--- AIM OF THE EXERCISE ---
Each record is to be written out exactly as it appears.

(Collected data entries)
=======

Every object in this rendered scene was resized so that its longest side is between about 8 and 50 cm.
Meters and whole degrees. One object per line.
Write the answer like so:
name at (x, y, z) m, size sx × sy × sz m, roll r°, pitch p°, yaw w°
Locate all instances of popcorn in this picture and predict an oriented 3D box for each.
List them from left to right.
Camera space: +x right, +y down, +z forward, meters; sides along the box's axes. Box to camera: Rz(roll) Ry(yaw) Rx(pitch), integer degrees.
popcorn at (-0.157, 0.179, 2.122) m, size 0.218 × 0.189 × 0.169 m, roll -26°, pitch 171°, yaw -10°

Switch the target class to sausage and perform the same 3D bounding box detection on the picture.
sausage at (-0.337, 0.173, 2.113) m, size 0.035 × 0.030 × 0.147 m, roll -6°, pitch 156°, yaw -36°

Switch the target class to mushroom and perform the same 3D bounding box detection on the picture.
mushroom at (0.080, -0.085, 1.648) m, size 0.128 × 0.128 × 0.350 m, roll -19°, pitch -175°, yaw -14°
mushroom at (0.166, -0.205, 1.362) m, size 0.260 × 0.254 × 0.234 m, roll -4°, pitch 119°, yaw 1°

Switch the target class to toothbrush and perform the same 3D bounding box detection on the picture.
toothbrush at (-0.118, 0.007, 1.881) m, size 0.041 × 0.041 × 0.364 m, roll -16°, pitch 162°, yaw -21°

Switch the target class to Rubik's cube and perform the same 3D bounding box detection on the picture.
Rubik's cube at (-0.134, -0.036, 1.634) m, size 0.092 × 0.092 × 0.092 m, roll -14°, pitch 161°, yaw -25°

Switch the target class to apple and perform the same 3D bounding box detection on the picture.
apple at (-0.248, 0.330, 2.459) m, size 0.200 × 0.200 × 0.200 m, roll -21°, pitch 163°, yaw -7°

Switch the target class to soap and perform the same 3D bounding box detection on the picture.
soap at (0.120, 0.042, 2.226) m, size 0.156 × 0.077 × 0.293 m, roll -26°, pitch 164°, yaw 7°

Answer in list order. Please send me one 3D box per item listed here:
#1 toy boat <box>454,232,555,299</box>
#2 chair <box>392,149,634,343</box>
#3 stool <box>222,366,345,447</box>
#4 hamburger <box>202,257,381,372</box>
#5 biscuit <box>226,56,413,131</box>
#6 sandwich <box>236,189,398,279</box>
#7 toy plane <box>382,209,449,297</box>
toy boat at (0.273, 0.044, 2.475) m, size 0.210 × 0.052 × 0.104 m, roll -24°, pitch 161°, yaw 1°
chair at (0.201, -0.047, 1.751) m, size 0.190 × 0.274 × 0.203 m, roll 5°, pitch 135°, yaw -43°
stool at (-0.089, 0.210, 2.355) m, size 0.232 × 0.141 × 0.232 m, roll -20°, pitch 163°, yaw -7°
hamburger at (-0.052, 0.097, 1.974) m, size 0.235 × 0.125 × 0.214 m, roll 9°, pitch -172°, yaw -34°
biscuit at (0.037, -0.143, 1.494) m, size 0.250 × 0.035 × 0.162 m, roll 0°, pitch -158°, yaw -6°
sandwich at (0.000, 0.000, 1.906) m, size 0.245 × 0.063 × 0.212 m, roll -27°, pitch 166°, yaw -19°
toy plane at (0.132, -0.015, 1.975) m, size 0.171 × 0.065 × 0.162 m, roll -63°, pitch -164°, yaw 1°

=======

--- COMPLETED TASK ---
Every object in this rendered scene was resized so that its longest side is between about 8 and 50 cm.
Meters and whole degrees. One object per line.
Write the answer like so:
name at (x, y, z) m, size sx × sy × sz m, roll r°, pitch p°, yaw w°
Locate all instances of popcorn in this picture and predict an oriented 3D box for each.
List them from left to right.
Camera space: +x right, +y down, +z forward, meters; sides along the box's axes. Box to camera: Rz(roll) Ry(yaw) Rx(pitch), integer degrees.
popcorn at (-0.157, 0.179, 2.122) m, size 0.218 × 0.189 × 0.169 m, roll -26°, pitch 171°, yaw -10°

Switch the target class to sausage and perform the same 3D bounding box detection on the picture.
sausage at (-0.337, 0.173, 2.113) m, size 0.035 × 0.030 × 0.147 m, roll -6°, pitch 156°, yaw -36°

Switch the target class to mushroom and perform the same 3D bounding box detection on the picture.
mushroom at (0.080, -0.085, 1.648) m, size 0.128 × 0.128 × 0.350 m, roll -19°, pitch -175°, yaw -14°
mushroom at (0.166, -0.205, 1.362) m, size 0.260 × 0.254 × 0.234 m, roll -4°, pitch 119°, yaw 1°

Switch the target class to toothbrush and perform the same 3D bounding box detection on the picture.
toothbrush at (-0.118, 0.007, 1.881) m, size 0.041 × 0.041 × 0.364 m, roll -16°, pitch 162°, yaw -21°

Switch the target class to Rubik's cube and perform the same 3D bounding box detection on the picture.
Rubik's cube at (-0.134, -0.036, 1.634) m, size 0.092 × 0.092 × 0.092 m, roll -14°, pitch 161°, yaw -25°

Switch the target class to apple and perform the same 3D bounding box detection on the picture.
apple at (-0.248, 0.330, 2.459) m, size 0.200 × 0.200 × 0.200 m, roll -21°, pitch 163°, yaw -7°

Switch the target class to soap and perform the same 3D bounding box detection on the picture.
soap at (0.120, 0.042, 2.226) m, size 0.156 × 0.077 × 0.293 m, roll -26°, pitch 164°, yaw 7°

Answer in list order. Please send me one 3D box per item listed here:
#1 toy boat <box>454,232,555,299</box>
#2 chair <box>392,149,634,343</box>
#3 stool <box>222,366,345,447</box>
#4 hamburger <box>202,257,381,372</box>
#5 biscuit <box>226,56,413,131</box>
#6 sandwich <box>236,189,398,279</box>
#7 toy plane <box>382,209,449,297</box>
toy boat at (0.273, 0.044, 2.475) m, size 0.210 × 0.052 × 0.104 m, roll -24°, pitch 161°, yaw 1°
chair at (0.201, -0.047, 1.751) m, size 0.190 × 0.274 × 0.203 m, roll 5°, pitch 135°, yaw -43°
stool at (-0.089, 0.210, 2.355) m, size 0.232 × 0.141 × 0.232 m, roll -20°, pitch 163°, yaw -7°
hamburger at (-0.052, 0.097, 1.974) m, size 0.235 × 0.125 × 0.214 m, roll 9°, pitch -172°, yaw -34°
biscuit at (0.037, -0.143, 1.494) m, size 0.250 × 0.035 × 0.162 m, roll 0°, pitch -158°, yaw -6°
sandwich at (0.000, 0.000, 1.906) m, size 0.245 × 0.063 × 0.212 m, roll -27°, pitch 166°, yaw -19°
toy plane at (0.132, -0.015, 1.975) m, size 0.171 × 0.065 × 0.162 m, roll -63°, pitch -164°, yaw 1°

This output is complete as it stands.